### EXERCISE MATERIAL
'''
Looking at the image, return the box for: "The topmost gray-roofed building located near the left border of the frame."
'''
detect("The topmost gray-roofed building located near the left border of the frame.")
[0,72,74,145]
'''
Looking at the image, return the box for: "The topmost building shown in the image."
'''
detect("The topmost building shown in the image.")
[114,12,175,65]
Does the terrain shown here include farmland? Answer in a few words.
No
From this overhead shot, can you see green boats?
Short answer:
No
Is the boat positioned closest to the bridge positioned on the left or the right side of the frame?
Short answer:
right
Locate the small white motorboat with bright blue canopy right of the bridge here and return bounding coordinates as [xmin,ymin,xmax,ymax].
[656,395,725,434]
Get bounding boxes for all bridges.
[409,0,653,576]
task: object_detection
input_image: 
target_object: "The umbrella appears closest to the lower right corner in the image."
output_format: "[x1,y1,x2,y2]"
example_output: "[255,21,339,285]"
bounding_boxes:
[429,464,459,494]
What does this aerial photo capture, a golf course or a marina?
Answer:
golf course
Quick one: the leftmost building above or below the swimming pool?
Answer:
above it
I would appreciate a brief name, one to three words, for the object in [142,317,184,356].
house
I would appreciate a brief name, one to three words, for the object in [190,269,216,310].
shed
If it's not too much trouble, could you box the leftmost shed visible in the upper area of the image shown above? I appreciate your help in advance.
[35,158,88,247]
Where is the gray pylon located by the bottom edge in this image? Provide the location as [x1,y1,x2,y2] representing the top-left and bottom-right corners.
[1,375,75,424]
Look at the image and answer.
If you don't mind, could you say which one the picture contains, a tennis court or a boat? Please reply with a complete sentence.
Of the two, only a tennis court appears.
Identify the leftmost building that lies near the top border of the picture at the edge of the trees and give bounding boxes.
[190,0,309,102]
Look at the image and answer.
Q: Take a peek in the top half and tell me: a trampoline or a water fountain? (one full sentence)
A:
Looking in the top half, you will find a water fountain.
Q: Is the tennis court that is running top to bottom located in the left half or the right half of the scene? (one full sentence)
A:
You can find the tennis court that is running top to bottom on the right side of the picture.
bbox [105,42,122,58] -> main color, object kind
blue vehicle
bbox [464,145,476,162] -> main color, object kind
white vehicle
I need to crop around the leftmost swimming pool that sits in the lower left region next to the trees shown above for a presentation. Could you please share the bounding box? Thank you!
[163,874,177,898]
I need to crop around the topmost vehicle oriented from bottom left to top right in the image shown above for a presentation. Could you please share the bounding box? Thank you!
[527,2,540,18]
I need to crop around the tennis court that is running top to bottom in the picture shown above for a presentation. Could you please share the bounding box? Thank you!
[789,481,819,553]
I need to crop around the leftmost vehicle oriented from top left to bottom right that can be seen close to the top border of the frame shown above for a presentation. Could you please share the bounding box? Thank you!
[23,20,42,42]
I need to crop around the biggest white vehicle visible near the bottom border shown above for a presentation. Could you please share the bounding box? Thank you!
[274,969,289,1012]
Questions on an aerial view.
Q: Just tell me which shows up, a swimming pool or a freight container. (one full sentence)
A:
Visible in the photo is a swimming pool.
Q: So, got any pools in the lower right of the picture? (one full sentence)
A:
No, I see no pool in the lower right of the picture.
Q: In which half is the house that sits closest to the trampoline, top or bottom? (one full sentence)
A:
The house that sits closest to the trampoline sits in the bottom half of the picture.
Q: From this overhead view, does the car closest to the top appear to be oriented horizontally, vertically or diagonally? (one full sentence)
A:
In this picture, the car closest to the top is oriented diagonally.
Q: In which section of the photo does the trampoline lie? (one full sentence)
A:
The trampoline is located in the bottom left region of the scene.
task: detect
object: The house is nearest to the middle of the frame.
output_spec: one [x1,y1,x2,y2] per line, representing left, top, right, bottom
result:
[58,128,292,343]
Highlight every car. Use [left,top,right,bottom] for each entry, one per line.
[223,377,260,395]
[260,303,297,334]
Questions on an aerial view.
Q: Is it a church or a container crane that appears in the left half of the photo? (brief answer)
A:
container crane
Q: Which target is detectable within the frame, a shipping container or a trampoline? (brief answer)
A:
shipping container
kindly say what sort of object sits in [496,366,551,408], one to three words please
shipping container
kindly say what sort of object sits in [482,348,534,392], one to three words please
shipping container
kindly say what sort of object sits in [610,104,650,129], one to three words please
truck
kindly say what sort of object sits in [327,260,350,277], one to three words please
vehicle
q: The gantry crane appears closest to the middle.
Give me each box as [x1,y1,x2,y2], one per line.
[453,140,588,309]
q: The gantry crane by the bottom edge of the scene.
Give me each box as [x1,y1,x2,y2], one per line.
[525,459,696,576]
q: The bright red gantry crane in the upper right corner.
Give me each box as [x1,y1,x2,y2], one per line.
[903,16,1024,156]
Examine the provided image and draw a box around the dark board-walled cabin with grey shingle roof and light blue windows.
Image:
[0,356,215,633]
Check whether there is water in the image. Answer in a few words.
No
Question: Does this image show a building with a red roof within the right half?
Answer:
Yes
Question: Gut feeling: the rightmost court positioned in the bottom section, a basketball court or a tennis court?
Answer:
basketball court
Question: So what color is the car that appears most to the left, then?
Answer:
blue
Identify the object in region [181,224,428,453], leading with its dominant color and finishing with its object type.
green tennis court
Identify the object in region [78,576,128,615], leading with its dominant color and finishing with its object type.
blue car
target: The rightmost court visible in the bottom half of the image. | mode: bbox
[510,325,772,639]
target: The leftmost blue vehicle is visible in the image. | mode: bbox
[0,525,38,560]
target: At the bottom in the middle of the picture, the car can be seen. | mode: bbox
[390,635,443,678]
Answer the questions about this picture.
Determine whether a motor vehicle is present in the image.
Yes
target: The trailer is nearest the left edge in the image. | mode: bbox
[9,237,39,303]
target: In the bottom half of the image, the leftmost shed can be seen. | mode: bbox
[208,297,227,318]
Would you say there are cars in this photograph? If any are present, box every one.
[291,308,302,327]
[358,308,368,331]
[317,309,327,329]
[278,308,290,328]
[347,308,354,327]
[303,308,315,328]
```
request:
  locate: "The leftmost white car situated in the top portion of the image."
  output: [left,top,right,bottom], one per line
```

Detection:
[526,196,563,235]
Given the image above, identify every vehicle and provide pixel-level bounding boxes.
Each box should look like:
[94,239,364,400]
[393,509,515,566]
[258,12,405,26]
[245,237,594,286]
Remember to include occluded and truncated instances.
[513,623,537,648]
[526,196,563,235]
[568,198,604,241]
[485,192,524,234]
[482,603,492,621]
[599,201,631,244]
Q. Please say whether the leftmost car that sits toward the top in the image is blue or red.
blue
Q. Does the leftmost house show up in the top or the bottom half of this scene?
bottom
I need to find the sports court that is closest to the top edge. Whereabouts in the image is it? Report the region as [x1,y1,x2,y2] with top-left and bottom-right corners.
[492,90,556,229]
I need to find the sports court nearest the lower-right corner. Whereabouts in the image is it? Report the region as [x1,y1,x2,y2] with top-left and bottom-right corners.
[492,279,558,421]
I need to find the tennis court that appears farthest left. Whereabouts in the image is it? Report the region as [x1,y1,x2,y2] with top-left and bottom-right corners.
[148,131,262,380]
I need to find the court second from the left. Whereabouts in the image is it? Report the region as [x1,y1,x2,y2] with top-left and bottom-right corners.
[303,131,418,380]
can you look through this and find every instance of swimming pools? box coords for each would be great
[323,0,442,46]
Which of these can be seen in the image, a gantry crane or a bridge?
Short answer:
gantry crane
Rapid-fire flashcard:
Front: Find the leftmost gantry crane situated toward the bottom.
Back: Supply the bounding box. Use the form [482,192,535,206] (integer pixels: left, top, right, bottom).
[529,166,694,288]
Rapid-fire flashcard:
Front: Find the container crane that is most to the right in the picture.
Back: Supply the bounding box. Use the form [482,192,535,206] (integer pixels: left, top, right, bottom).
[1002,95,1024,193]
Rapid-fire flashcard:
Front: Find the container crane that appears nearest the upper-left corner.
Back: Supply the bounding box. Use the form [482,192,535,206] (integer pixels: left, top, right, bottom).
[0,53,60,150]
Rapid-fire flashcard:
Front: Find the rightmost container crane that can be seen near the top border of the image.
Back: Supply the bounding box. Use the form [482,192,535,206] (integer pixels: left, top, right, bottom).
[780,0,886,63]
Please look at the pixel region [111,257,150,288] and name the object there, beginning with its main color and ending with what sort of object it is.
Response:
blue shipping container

### REQUIREMENT
Scan the material above for the string "positioned", and copy every line where it is found.

### EXERCISE RESPONSE
Is the boat positioned closest to the bridge positioned on the left or the right side of the frame?
Question: Gut feeling: the rightmost court positioned in the bottom section, a basketball court or a tennis court?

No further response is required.